June 17, 2013 -- Against all medical odds, a 20-year-old man survived a fall from a 15-story apartment building in New Zealand, after attempting to get into his locked apartment from a balcony above.
An American emergency room doctor said the chances of living through a fall from that height are about 1 in 100.
The man, identified by the New Zealand Herald as Tom Stilwell, a British man in Auckland on a "working holiday," returned home after a night out with friends and found he did not have a key to get into his locked apartment. Stilwell tried to jump down to his balcony from the balcony of the apartment above, but instead plummeted to the roof of a building below.
Stilwell's story astounded his doctors in New Zealand as well as in the United States.
"It made me wonder what the roof looked like that he fell on," said Dr. Nicholas Kman, associate professor of emergency medicine at The Ohio State University Medical Center.
"It's pretty abnormal for someone to fall that far and survive," Kman said. "For every fall like that, the odds of living are very rare."
Doctors use a formula called "lethal doses" to determine the likelihood of death in a fall. At four stories, or about 48 feet above the ground, half will survive. But at seven stories or 84 feet, only 10 percent are expected to live -- that is, 90 percent will die, according to Kman.
According to local reports, Stilwell fell 13 stories. At first, he was in critical condition at Auckland City Hospital, but was later upgraded to satisfactory with neck and back fractures, a broken wrist and suspected internal injuries.
ABCNews.com reached out to the hospital, but its public affairs office was closed because of the time zone difference.
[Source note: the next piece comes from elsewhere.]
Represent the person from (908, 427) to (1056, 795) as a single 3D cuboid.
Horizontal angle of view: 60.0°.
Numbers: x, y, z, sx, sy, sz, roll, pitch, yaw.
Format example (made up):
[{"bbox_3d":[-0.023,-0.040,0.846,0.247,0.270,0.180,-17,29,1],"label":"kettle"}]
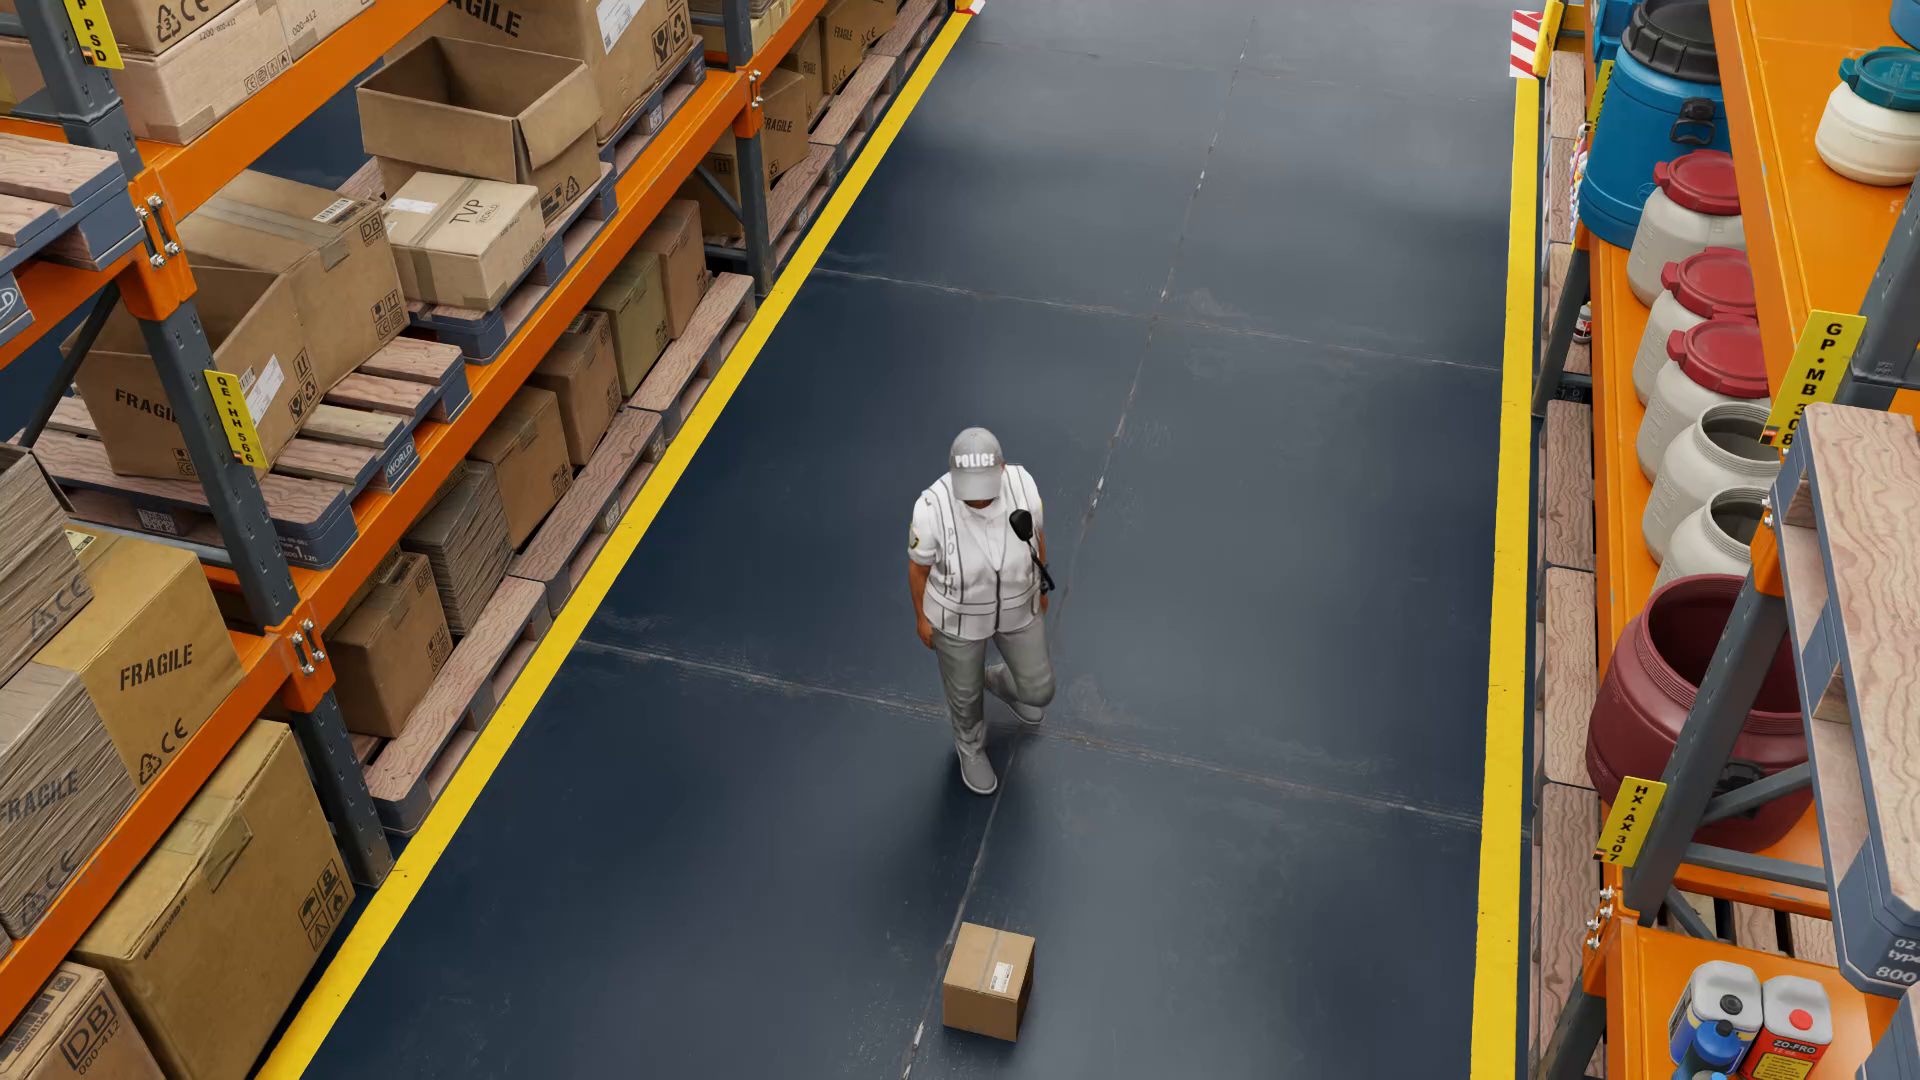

Stilwell's upstairs neighbor, Geraldine Bautista, 28, told the Herald that he knocked on her door on the 15th floor of the Volt Apartment building at about 2 a.m., asking if he could jump off her balcony onto his to get into his own apartment.
According to the Herald, he went straight to the balcony and Bautista grabbed his hand, but he fell.
"It happened so fast," she told the newspaper. "It happened within seconds. I couldn't even scream for help. He was like a paper falling from here."
Friends said that Stilwell had "a fair bit to drink" before the incident, according to the Herald.
Doctors say that although there is no evidence that alcohol softens the blow to the body, they have heard that anecdotally about car accident victims.
"There is no science behind that," Kman said. "Most doctors are reluctant to say it happens. But in my experience in trauma, it does seem to be something that happens. But that is not likely from a fall."
A person's age, the height of the fall, the nature of the surface hit and the body part that first touches the ground are all factors in the severity of the injuries and the prognosis for recovery.
"If you fall out of a tree and hit a bunch of branches, it may slow the fall," he said. "Landing on grass is better than cement."
Head injuries have the lowest survival rate, according to Kman.
Other dangerous injuries occur when a person lands feet first.
"The heel hits and transmits the force up the back," he said. "When someone jumps off a parking garage or building they break their heel bones and then the lower spine. When they break the feet, we always X-ray the back, because that's a common injury."
Sometimes, paralysis can occur if there is a spinal cord injury.
Emergency room doctors see most fall victims during the summer months, and they are usually window cleaners working on scaffolding and roofers.
Falls are most common among the elderly, the second cause of unintended death for trauma behind motor vehicle accidents, according to Kman.
"Young healthy kids have better outcomes than the elderly," he said.
In the animal world, cats fare much better than humans.
Last year, Sugar the cat, fell out of a 19-story apartment building in Boston and survived, probably because she landed on a pile of mulch. The local animal rescue league reported that after the fall, the cat ran back into the apartment building.
The reason, say veterinary researchers is that cats have a larger surface area for their weight as they fall with legs extended, which gives them a lower terminal velocity -- about 60 mph, compared to an average-sized male at about 120 mph. When cats hit the ground, they have fewer injuries.
In physics, terminal velocity is the constant speed attained by a body while falling through a gas or liquid.
"Terminal velocity is something that plays into this," Kman said. "But people are not meant to fall off three-story buildings. And I have a feeling that you reach [terminal velocity] some point before 15 floors."